Records for this task:

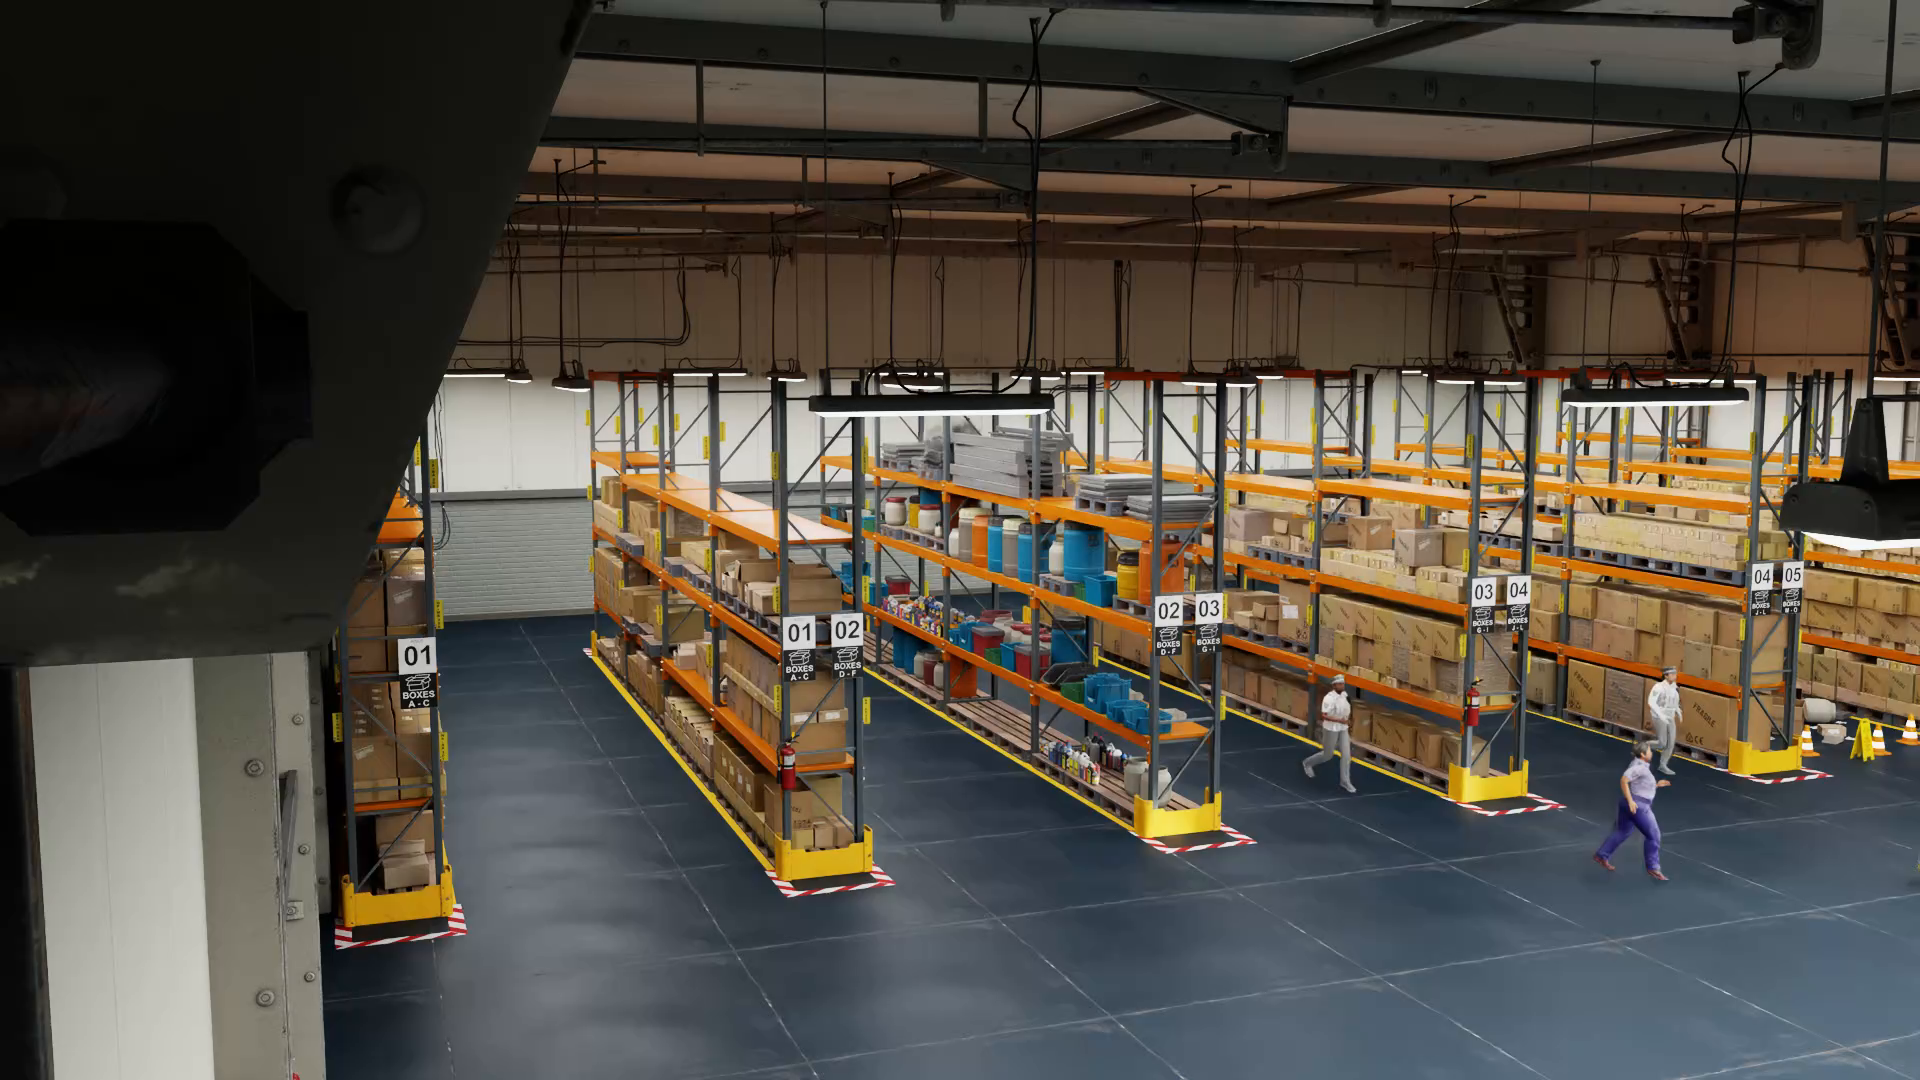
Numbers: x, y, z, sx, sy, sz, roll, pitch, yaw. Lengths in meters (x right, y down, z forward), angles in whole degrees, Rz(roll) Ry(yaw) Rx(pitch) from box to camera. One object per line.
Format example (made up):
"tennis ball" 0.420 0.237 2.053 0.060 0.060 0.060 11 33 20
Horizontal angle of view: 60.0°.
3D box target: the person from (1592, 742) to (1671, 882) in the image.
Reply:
"person" 8.130 3.267 20.090 0.855 1.693 0.580 1 6 7

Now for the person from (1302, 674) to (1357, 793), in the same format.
"person" 5.487 2.784 24.341 0.586 1.710 0.864 -4 7 -31

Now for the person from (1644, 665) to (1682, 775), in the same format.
"person" 10.677 2.698 25.329 0.642 1.668 0.640 -3 7 -28
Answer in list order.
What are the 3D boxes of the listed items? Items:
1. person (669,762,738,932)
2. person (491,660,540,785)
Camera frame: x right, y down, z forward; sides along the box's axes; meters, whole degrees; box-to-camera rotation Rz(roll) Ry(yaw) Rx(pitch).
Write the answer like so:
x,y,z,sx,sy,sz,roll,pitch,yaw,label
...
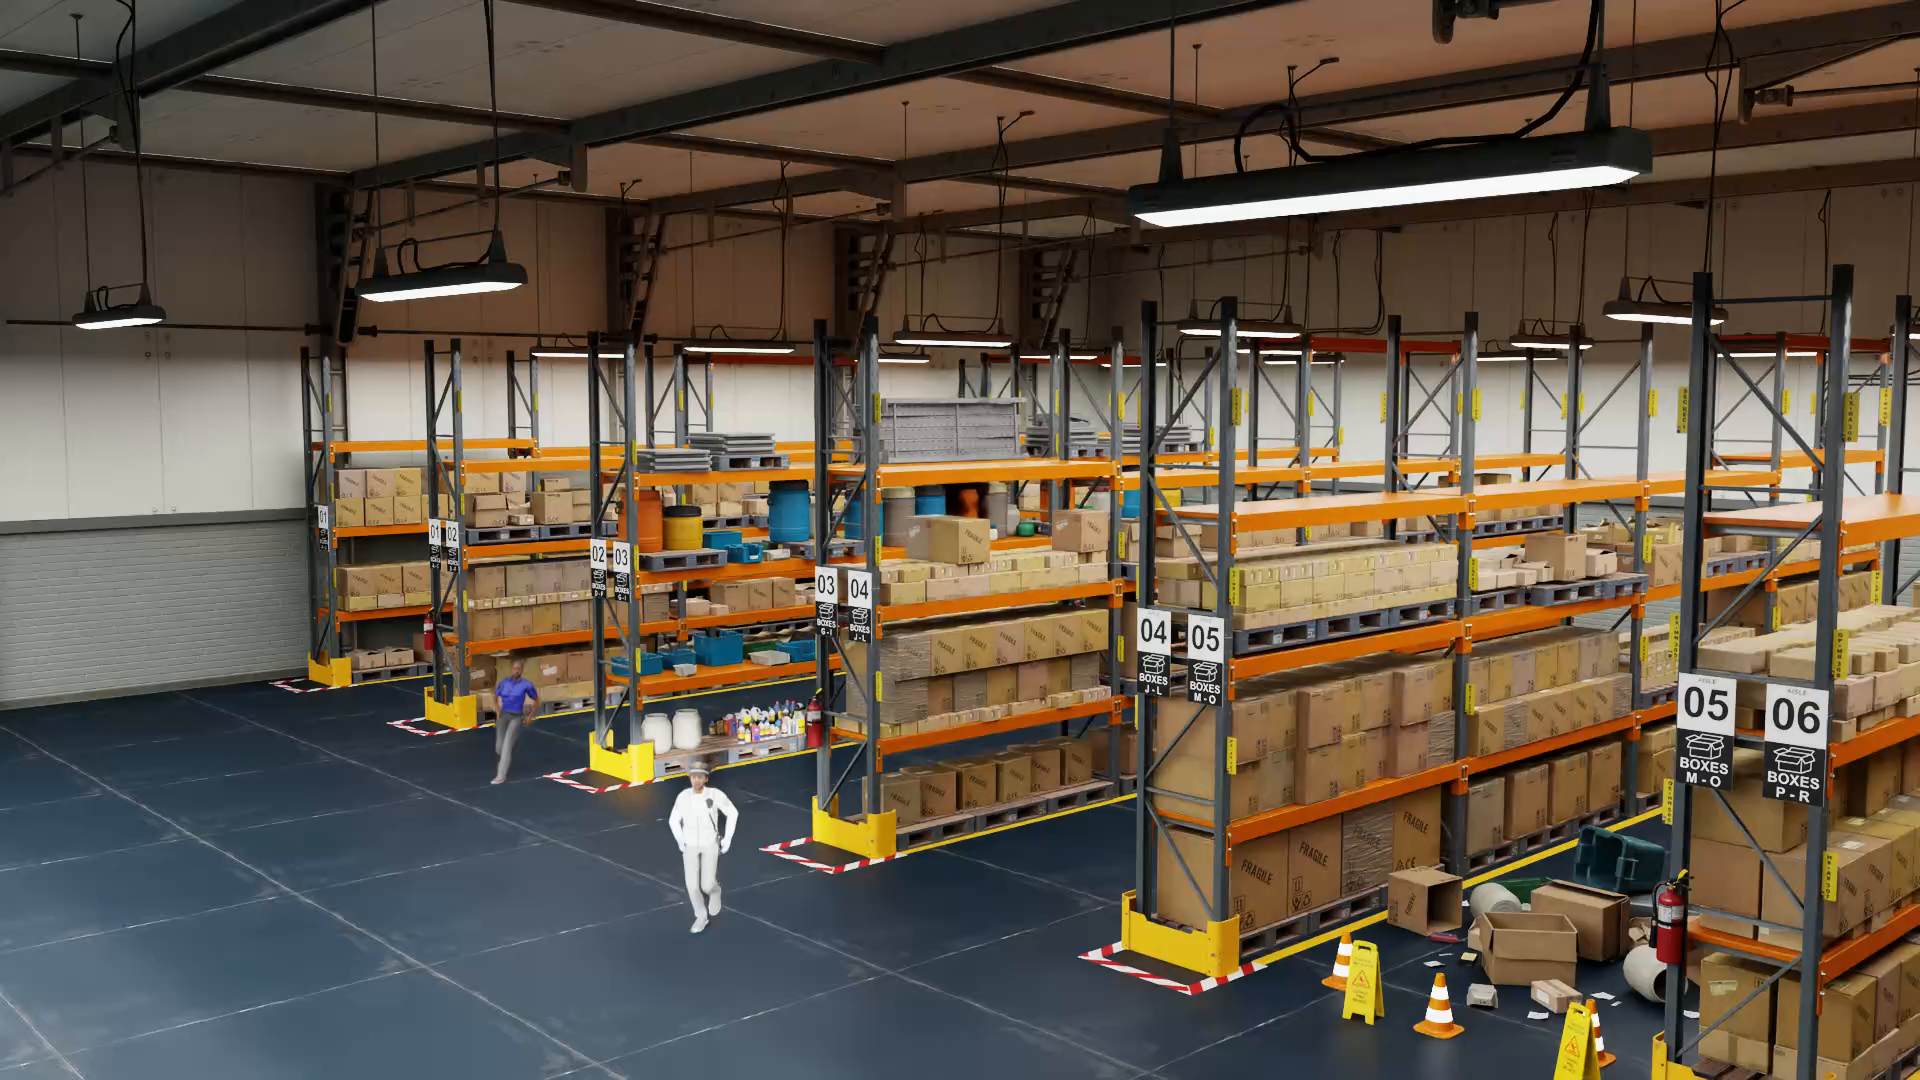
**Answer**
x,y,z,sx,sy,sz,roll,pitch,yaw,label
-2.482,2.941,16.026,0.653,1.650,0.547,0,5,2,person
-5.959,2.405,22.251,0.653,1.617,0.730,0,5,2,person

Assignment:
Restating the data word for word is the task, and pictures are to be omitted.

The answer:
Numbers: x, y, z, sx, sy, sz, roll, pitch, yaw. Lengths in meters (x right, y down, z forward), angles in whole degrees, Rz(roll) Ry(yaw) Rx(pitch) from box to camera. One object per line.
Format example (made up):
"tennis ball" 0.420 0.237 2.053 0.060 0.060 0.060 11 33 20
Horizontal angle of view: 60.0°.
3D box target: the person from (1592, 742) to (1671, 882) in the image.
Reply:
"person" 8.130 3.267 20.090 0.855 1.693 0.580 1 6 7

Now for the person from (1302, 674) to (1357, 793), in the same format.
"person" 5.487 2.784 24.341 0.586 1.710 0.864 -4 7 -31

Now for the person from (1644, 665) to (1682, 775), in the same format.
"person" 10.677 2.698 25.329 0.642 1.668 0.640 -3 7 -28
Answer in list order.
What are the 3D boxes of the listed items? Items:
1. person (669,762,738,932)
2. person (491,660,540,785)
Camera frame: x right, y down, z forward; sides along the box's axes; meters, whole degrees; box-to-camera rotation Rz(roll) Ry(yaw) Rx(pitch).
Write the answer like so:
x,y,z,sx,sy,sz,roll,pitch,yaw,label
...
**Answer**
x,y,z,sx,sy,sz,roll,pitch,yaw,label
-2.482,2.941,16.026,0.653,1.650,0.547,0,5,2,person
-5.959,2.405,22.251,0.653,1.617,0.730,0,5,2,person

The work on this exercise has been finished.